Aluminium on the other hand is lasting, rugged, easily inspected and can take the weather. It’s used for some bush planes which have STOL capability and where absolute aerodynamic cruise efficiency is not so important. Unfortunately, there are a huge amount of cut, bent and riveted parts in even a small ultralight aircraft, and build times are many thousands of hours taking many years from start to first flight. Examples: Zenair CH701 STOL and its numerous copies.

Tube and fabric is especially good when you want to dismantle your craft for transportation. That is true for hang gliders and many ultralights. It is also possibly quite easy to construct. There is a French bolted aluminium tube design (wrapped with dacron fabric) currently manufactured in Ukraine which requires no welding at all and should be very quick to build, the Skyranger. Rans Coyote is one too.

Welded steel tube is something that requires a builder who is a good welder, and the complicated structure needs lots of cuts and welds, which makes it time consuming.
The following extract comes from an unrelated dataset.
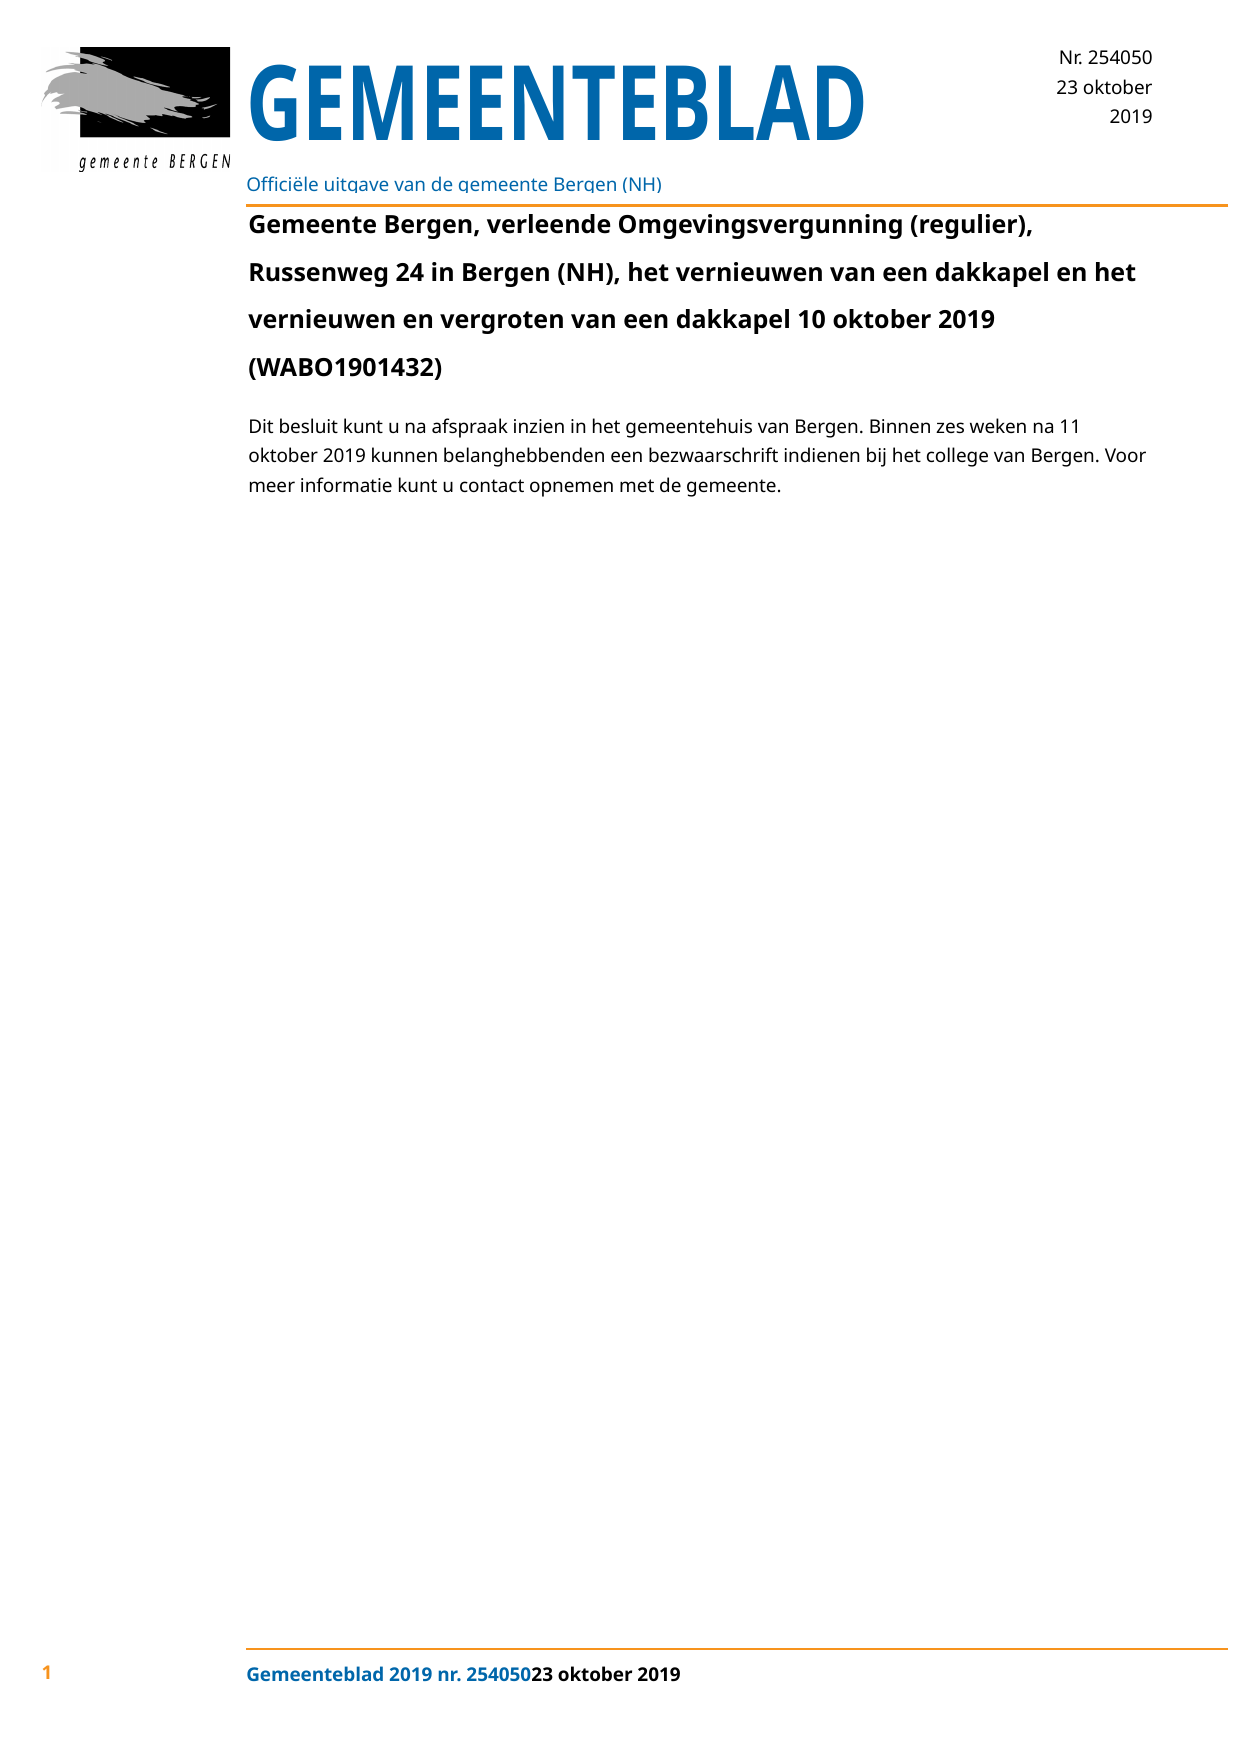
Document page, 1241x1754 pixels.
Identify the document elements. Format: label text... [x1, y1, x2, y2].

text Dit besluit kunt u na afspraak inzien in het gemeentehuis van Bergen. Binnen zes weken na 11 oktober 2019 kunnen belanghebbenden een bezwaarschrift indienen bij het college van Bergen. Voor meer informatie kunt u contact opnemen met de gemeente. [248, 413, 1152, 498]
picture [41, 47, 231, 172]
text Gemeente Bergen, verleende Omgevingsvergunning (regulier), Russenweg 24 in Bergen (NH), het vernieuwen van een dakkapel en het vernieuwen en vergroten van een dakkapel 10 oktober 2019 (WABO1901432) [248, 207, 1152, 384]

Wood – it is a mixed bag. It has good strength to weight ratio, comparable to aluminium or steel, but there are moisture problems and the issue that the raw material is by its nature always somewhat uneven. Solutions like plywood try to get around this: if one ply has a weaker spot, it doesn’t weaken the whole structure much. The material could be potentially cheap, though it depends on where you are. Wooden rib construction is quite complicated and time consuming, requires lots of sawing, cutting and gluing and the number of ribs and reinforcements is huge. Examples: Mag-01, Junqua Ibis.

My Own Ideas

I’ve dropped a few hints on the way as to what could be my preferred approach, if I were to build my own airplane. But I’ll handle more of that in a later post, as I’m now in such a hurry and gotta go. You can learn a surprising amount when researching the history – airplanes are such a common subject of dreams and experimentation that a great many things have been tried.

p.s. Changing the blog title picture now.